I've reproduced the issue with 7.5.1. After a certain amount of time outputting logs it just stops. Looking into it now.

driskell commented 4 years ago

OK so I discovered it was my event_queue in the logstash-input-courier/log-courier Ruby gems. It uses ConditionVariables to handle context switching between pushing events from connections and then pulling them to give to Logstash as a single stream.

Logstash 7.4.0+ are likely using JRuby 9.2.8.0 and this has a bug in ConditionVariable that causes exactly this behaviour. I've confirmed 7.5.1 definitely is the buggy 9.2.8.0 and confirmed that the fix is available in 7.6.0 as they updated to 9.2.9.0. Testing against 7.6.0 and it works fine.
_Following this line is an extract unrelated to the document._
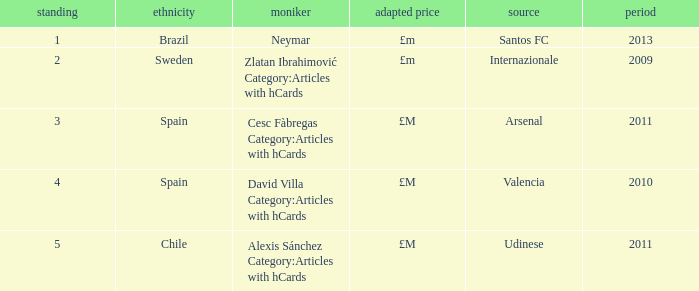What is the most recent year a player was from Valencia? 2010.0.

Upgrading to 7.6.0 should resolve the issue. It's not something fixable here it's an actual runtime issue.

For reference: https://github.com/jruby/jruby/issues/5863

driskell commented 4 years ago

7.4.0 release notes includes updating to the buggy release: https://www.elastic.co/guide/en/logstash/current/logstash-7-4-0.html

Update jruby to 9.2.8.0

7.6.0 fixes the issue with an update https://www.elastic.co/guide/en/logstash/current/logstash-7-6-0.html

Updated jruby to 9.2.9.0

JRuby release notes https://www.jruby.org/2019/10/30/jruby-9-2-9-0.html

Thread-safety Improvements
Lock interruptibility broken in JRuby 9.2.8 has now been fixed. (#5863, #5875, #5942)
sysmonk commented 4 years ago

Ah, thanks, i haven't tried 7.6.0 as it wasn't released yet when i looked into this issue. Will try it today agan

driskell commented 4 years ago

If you have any issues, just drop it into a new issue. Things are fresh in my mind now and I've got 7.6 in my test folder so should be able to pick up any issue much quicker this time around.